This work addresses the vulnerability of onboard perception under occlusion or low visibility, which compromises the reliability of autonomous driving. To mitigate this issue, the authors propose a bird’s-eye-view (BEV) representation method that fuses object-level vehicle-to-everything (V2X) information with multimodal onboard perception, building upon the BEVFusion architecture. The approach incorporates noise-aware training and an explicit confidence encoding mechanism to reduce reliance on idealized V2X data.

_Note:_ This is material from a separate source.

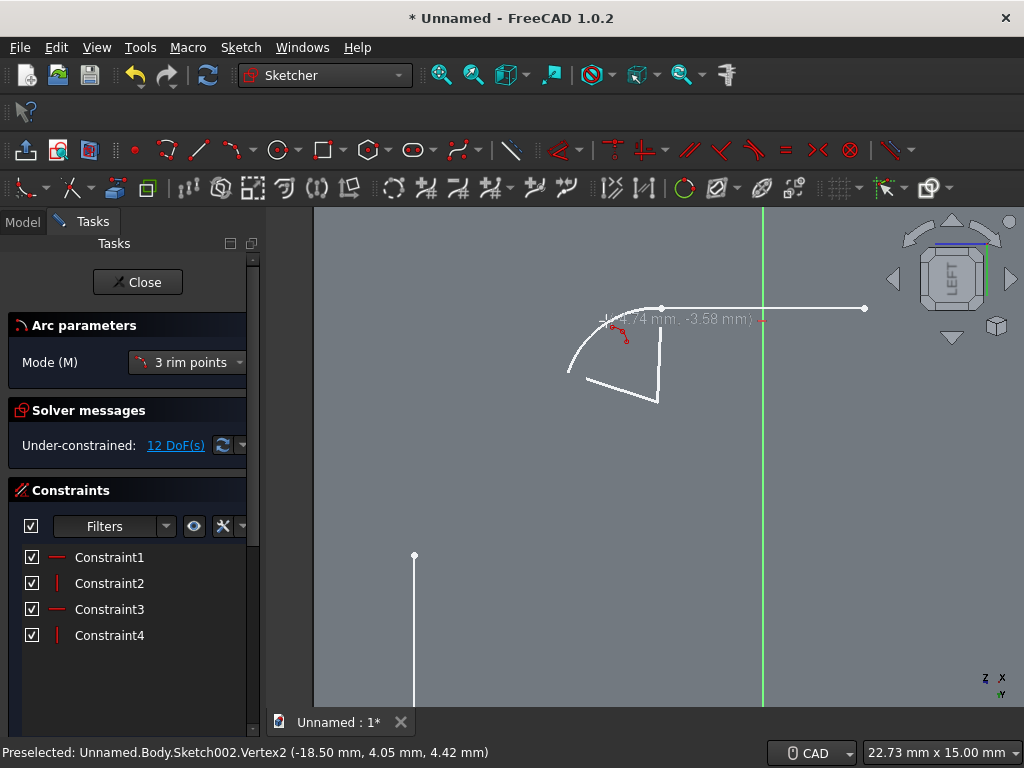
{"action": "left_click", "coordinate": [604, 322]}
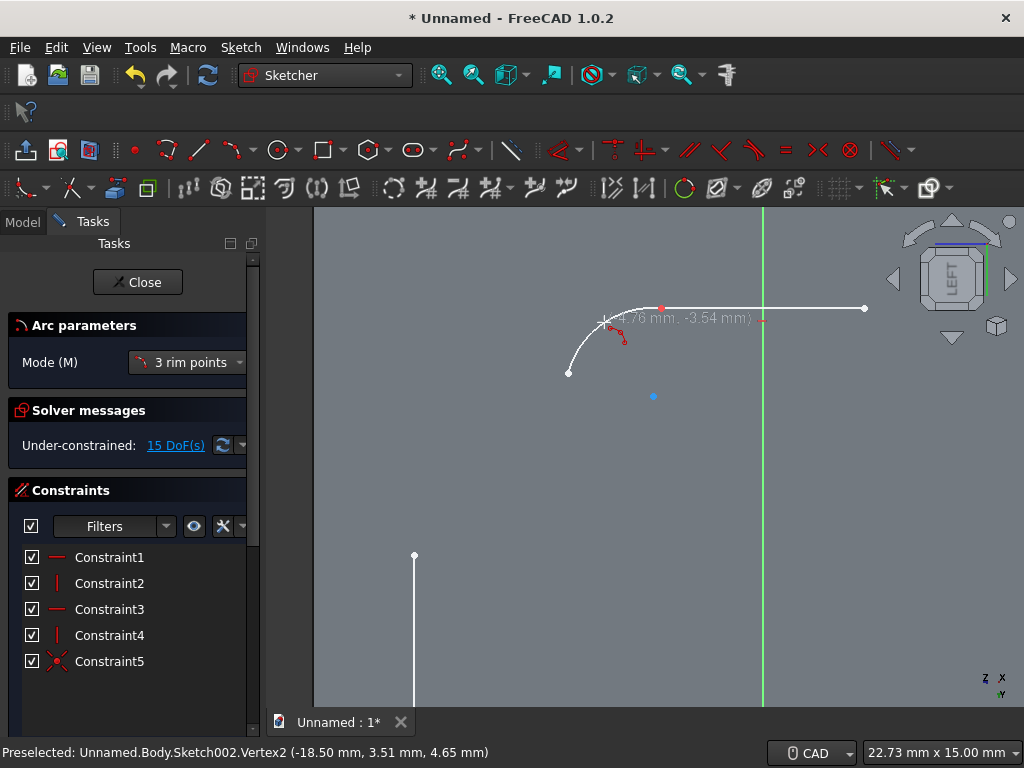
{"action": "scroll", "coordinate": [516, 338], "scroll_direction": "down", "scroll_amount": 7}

Through object-level V2X simulation, controllable noise injection, and BEV feature fusion, the method achieves a 0.80 NuScenes Detection Score (NDS) on the nuScenes benchmark and demonstrates significantly enhanced robustness and performance in challenging scenarios involving communication latency, localization errors, and low V2X penetration rates.

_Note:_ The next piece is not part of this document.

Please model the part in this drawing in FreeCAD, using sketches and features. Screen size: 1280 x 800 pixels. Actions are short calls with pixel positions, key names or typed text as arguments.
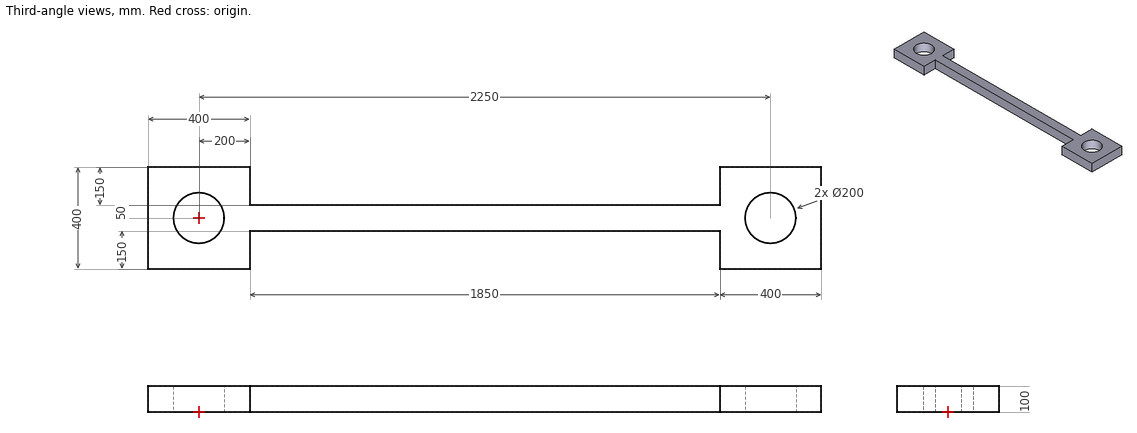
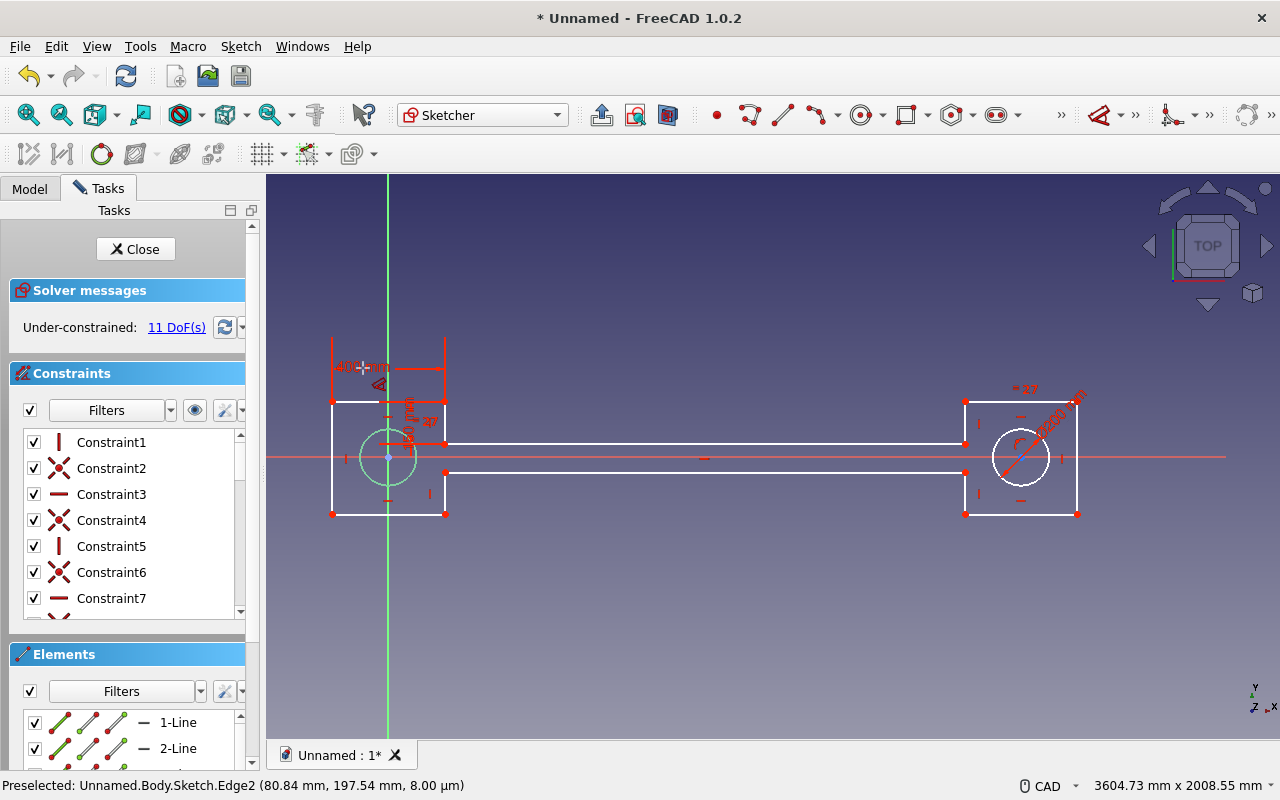
click(332, 436)
click(298, 432)

Perception for automated driving is largely based on onboard environmental sensors, such as cameras and radar, which are cost-effective but limited by line-of-sight and field-of-view constraints. These inherent limitations may cause onboard perception to fail under occlusions or poor visibility conditions. In parallel, cooperative awareness via vehicle-to-everything (V2X) communication is becoming increasingly available, enabling vehicles and infrastructure to share their own state as object-level information that complements onboard perception. In this work, we study how such V2X information can be integrated into 3D object detection and how robust the resulting system is to realistic V2X imperfections. Using the nuScenes dataset, we emulate object-level cooperative awareness messages from ground truth, injecting controlled noise and object dropout to mimic real-world conditions such as latency, localization errors, and low V2X penetration rates. We convert these messages into a dedicated bird's-eye view (BEV) input and fuse them into a BEVFusion-style detector. Our results demonstrate that while object-level cooperative information can substantially improve detection performance, achieving an NDS of 0.80 under favorable conditions, models trained on idealized data become fragile and over-reliant on V2X. Conversely, our proposed noise-aware training strategy, coupled with explicit confidence encoding, enhances robustness, maintaining performance gains even under severe noise and reduced V2X penetration.